TASK:
Each entry is to be retyped exactly as it appears. Leave the images out.

RECORD EXTRACTS:
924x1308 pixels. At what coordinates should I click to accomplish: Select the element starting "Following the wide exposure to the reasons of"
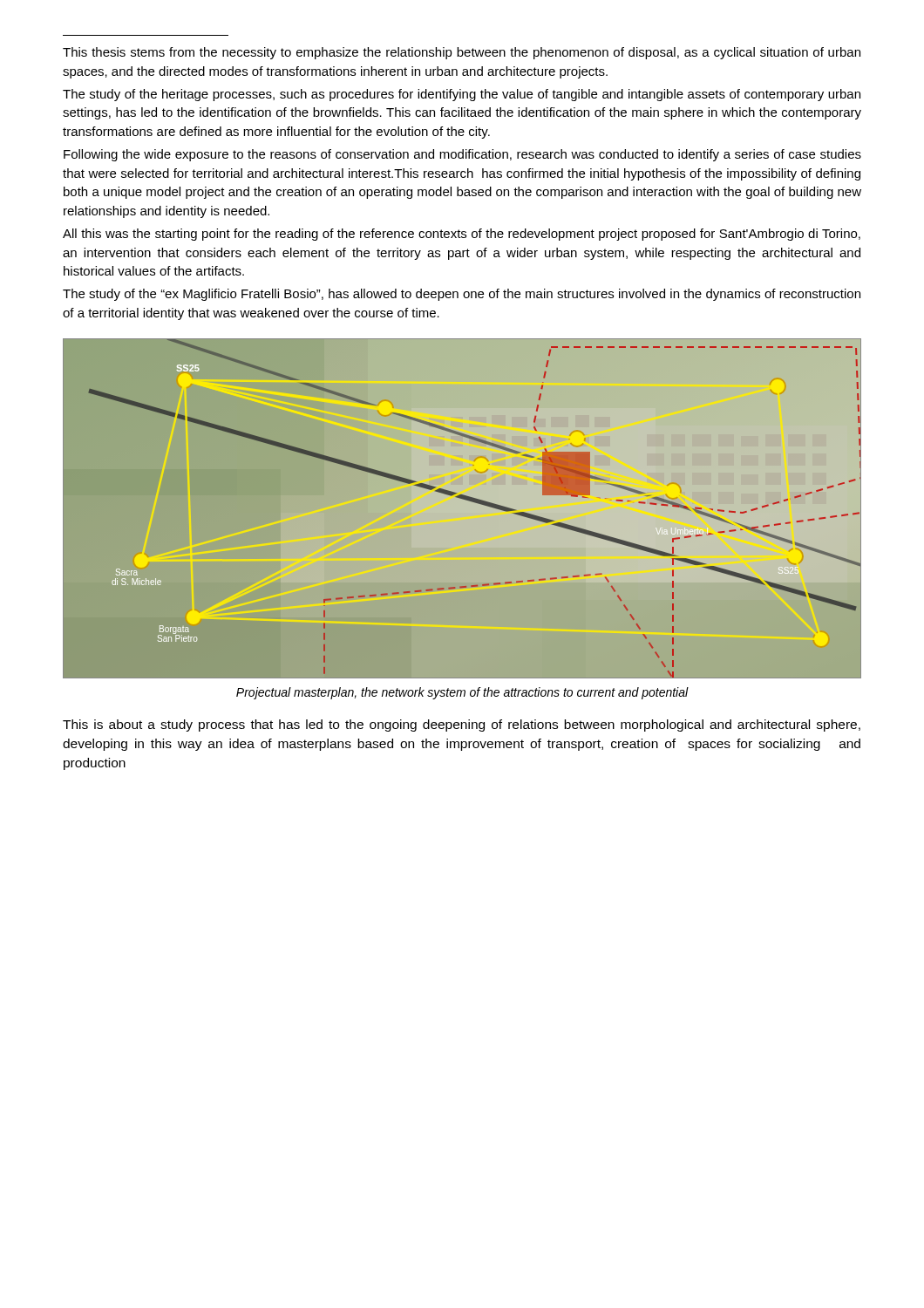pyautogui.click(x=462, y=182)
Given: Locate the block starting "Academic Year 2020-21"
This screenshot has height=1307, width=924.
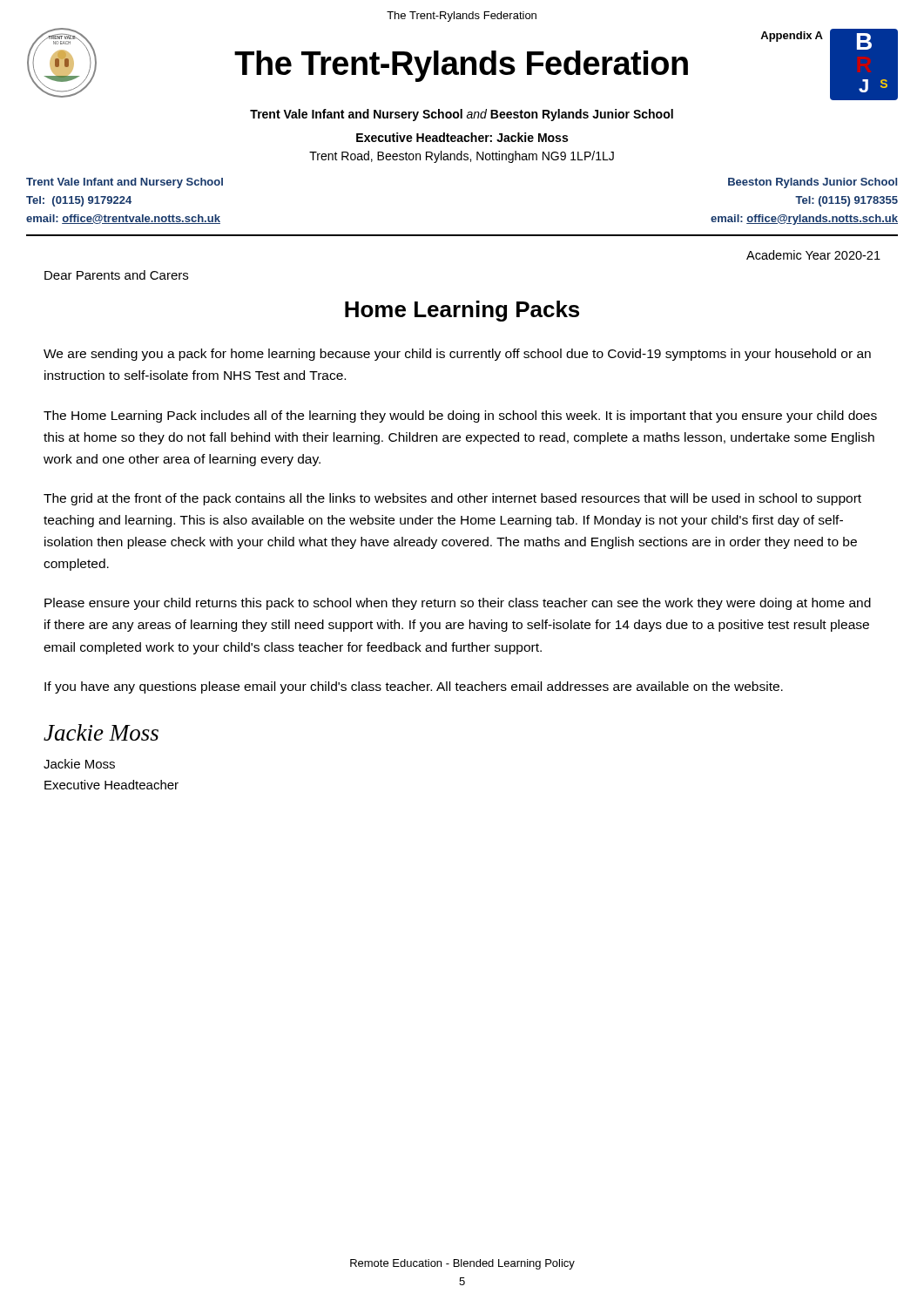Looking at the screenshot, I should 813,256.
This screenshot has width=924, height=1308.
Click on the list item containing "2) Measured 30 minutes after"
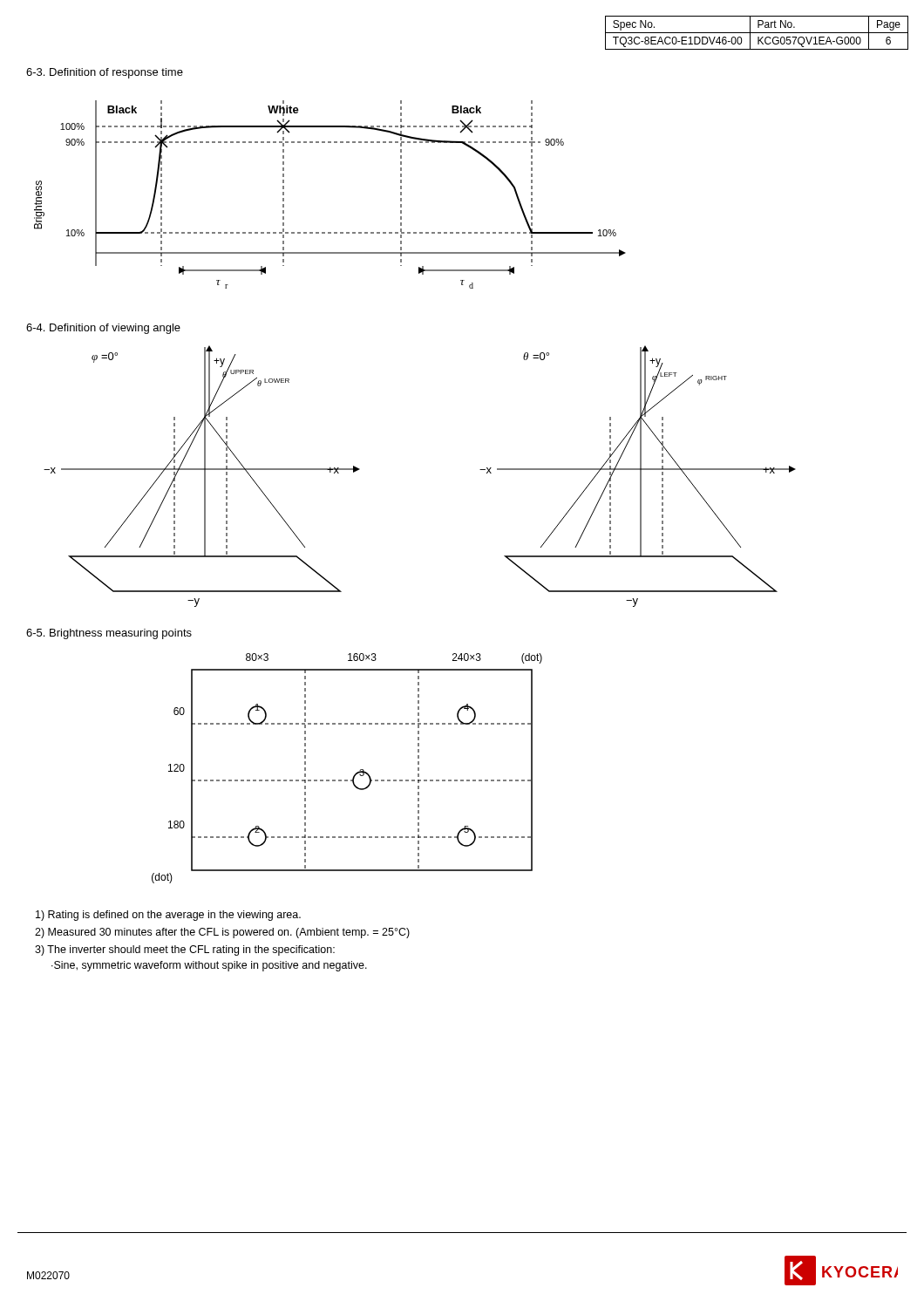tap(222, 932)
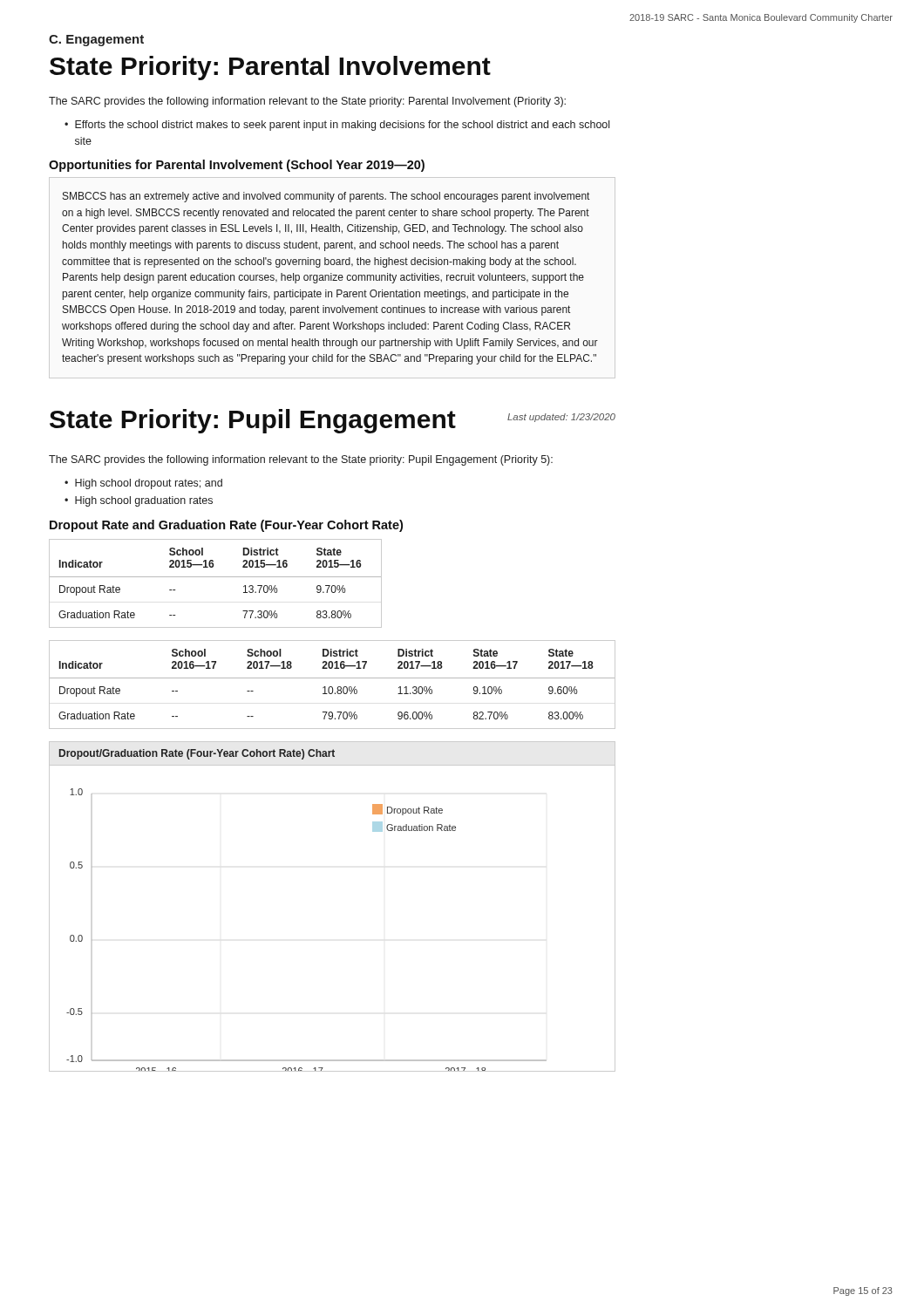The height and width of the screenshot is (1308, 924).
Task: Click on the line chart
Action: coord(332,907)
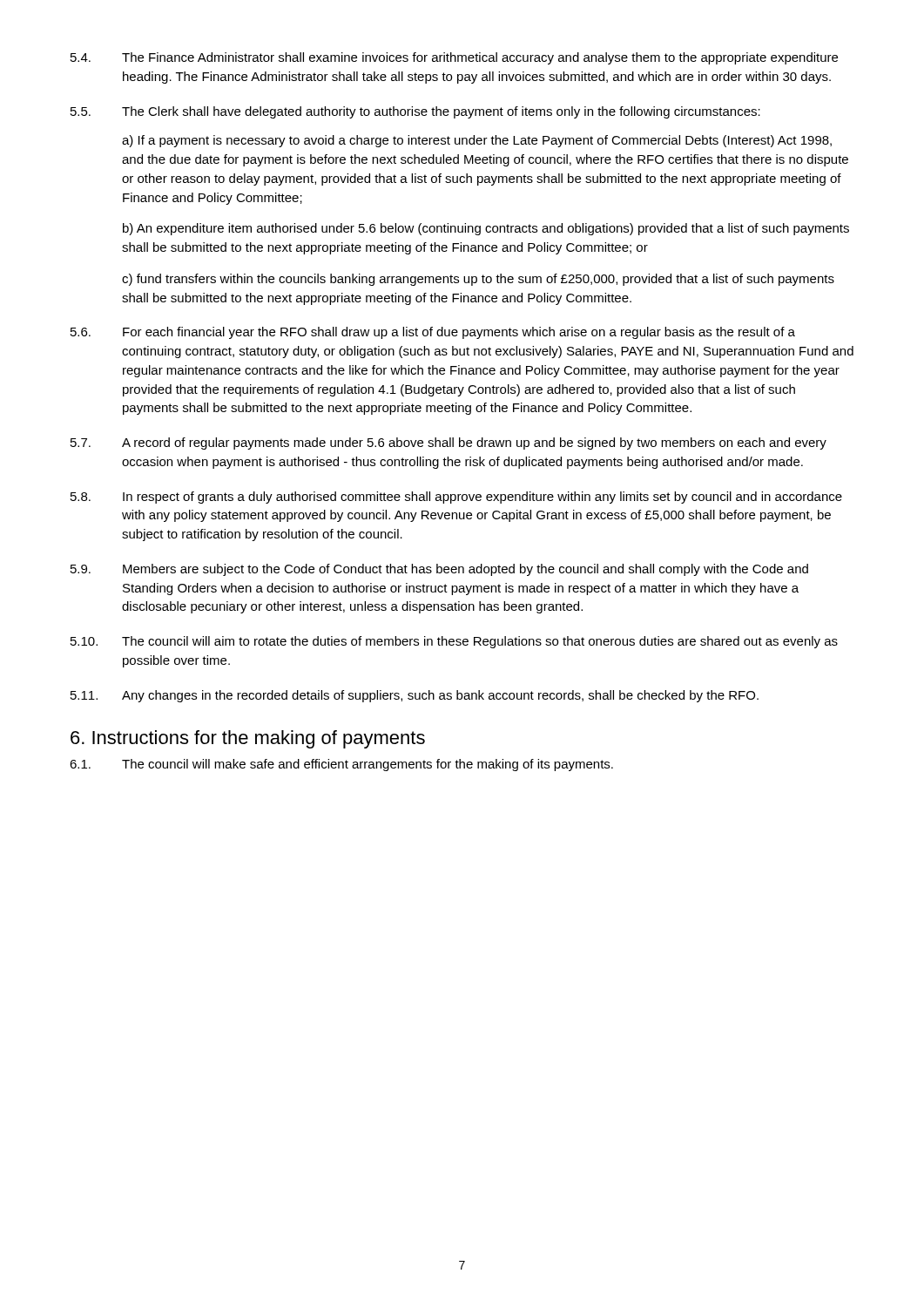Locate the text block with the text "a) If a payment is necessary to"
The width and height of the screenshot is (924, 1307).
(x=485, y=168)
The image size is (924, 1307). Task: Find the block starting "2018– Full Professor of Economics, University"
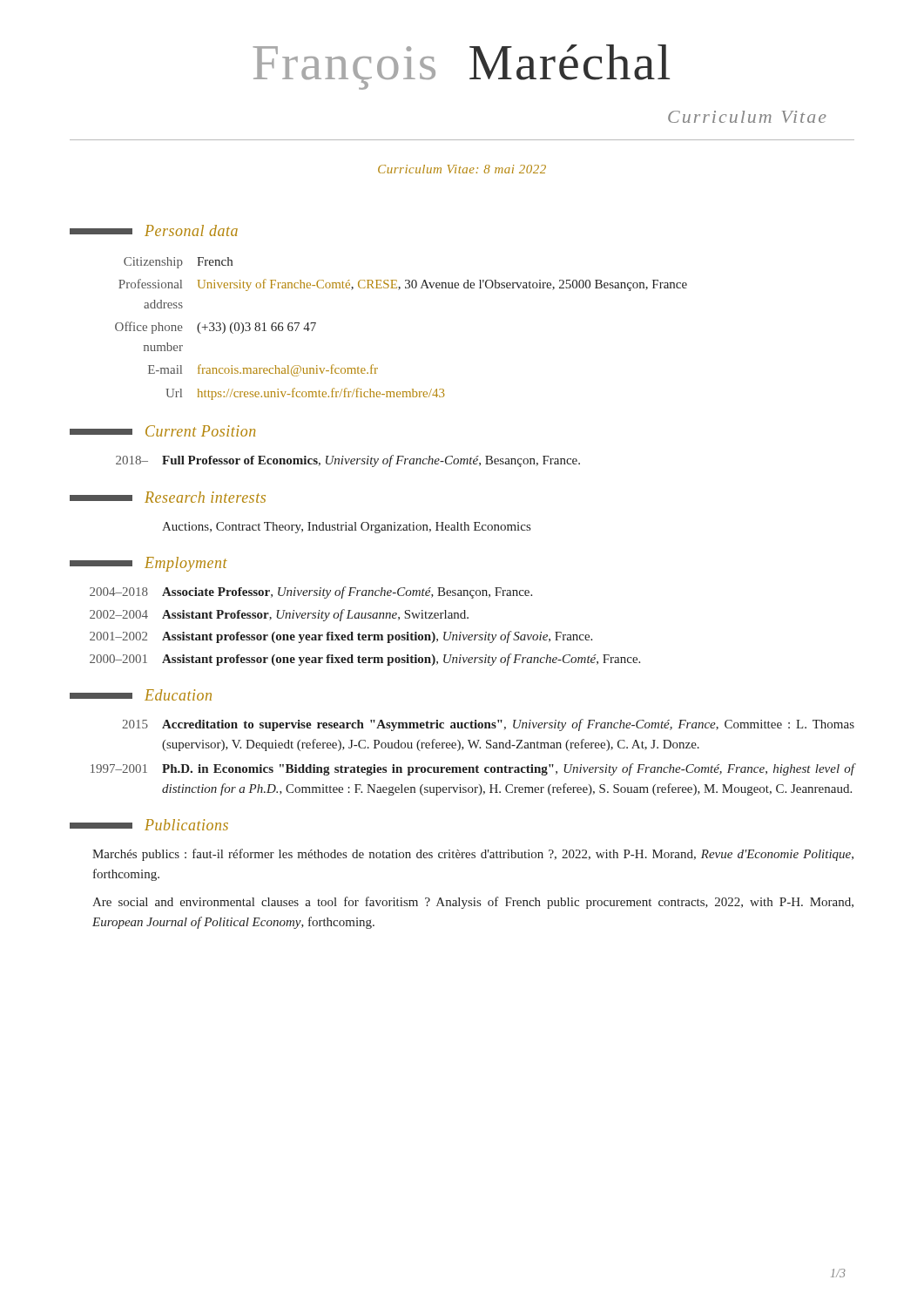pyautogui.click(x=462, y=460)

EXERCISE RESULT:
924x1308 pixels. At what coordinates should I click to accomplish: Select the element starting "Following the wide exposure to the reasons of"
pyautogui.click(x=462, y=182)
Given: Locate the block starting "Academic Year 2020-21"
This screenshot has height=1307, width=924.
Looking at the screenshot, I should 813,256.
This screenshot has width=924, height=1308.
Click on the list item containing "2) Measured 30 minutes after"
tap(222, 932)
The height and width of the screenshot is (1308, 924).
Task: Click on the line chart
Action: coord(332,907)
Locate the text block with the text "a) If a payment is necessary to"
The width and height of the screenshot is (924, 1307).
(x=485, y=168)
The image size is (924, 1307). Task: Find the block starting "2018– Full Professor of Economics, University"
pyautogui.click(x=462, y=460)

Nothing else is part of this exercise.